*** Begin section ***

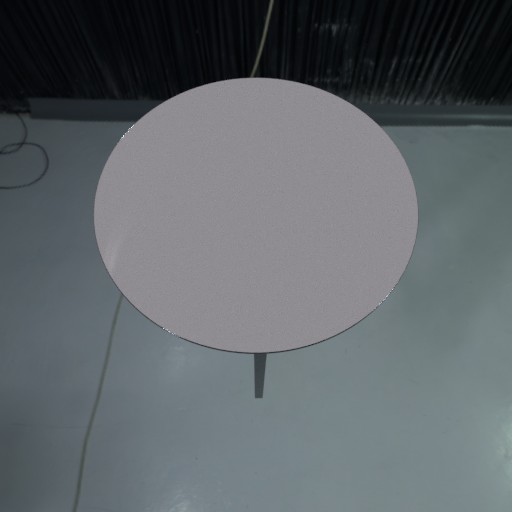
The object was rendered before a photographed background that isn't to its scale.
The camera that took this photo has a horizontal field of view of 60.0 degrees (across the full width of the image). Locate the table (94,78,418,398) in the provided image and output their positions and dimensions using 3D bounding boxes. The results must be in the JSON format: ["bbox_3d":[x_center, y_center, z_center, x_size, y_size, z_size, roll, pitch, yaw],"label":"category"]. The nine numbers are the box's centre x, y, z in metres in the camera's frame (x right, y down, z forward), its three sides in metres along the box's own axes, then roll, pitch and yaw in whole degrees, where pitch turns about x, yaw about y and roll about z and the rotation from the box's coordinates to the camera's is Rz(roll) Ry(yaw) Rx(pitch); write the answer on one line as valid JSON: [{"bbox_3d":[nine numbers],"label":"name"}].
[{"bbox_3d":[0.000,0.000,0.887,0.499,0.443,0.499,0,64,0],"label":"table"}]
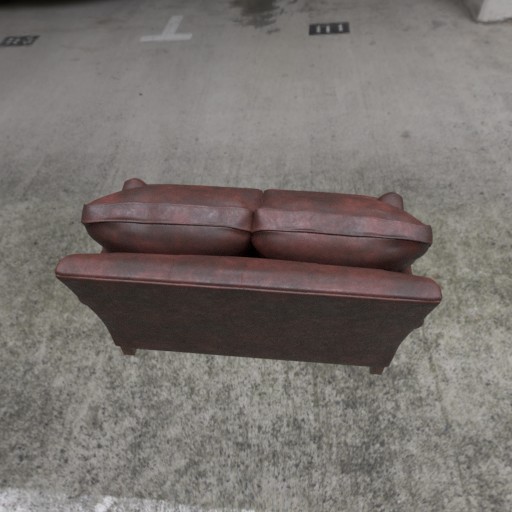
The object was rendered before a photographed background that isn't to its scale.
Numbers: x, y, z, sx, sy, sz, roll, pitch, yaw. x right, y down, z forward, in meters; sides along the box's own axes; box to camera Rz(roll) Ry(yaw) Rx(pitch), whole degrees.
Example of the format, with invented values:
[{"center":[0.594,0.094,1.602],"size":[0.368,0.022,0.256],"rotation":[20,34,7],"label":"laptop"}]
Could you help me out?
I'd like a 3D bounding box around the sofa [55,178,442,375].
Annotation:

*** End section ***

Aim of the exercise = Every line from the one containing "I'd like a 3D" through the last line of the entries above must be output exactly. Leave the rest out.

Solution for this problem =
I'd like a 3D bounding box around the sofa [55,178,442,375].
Annotation:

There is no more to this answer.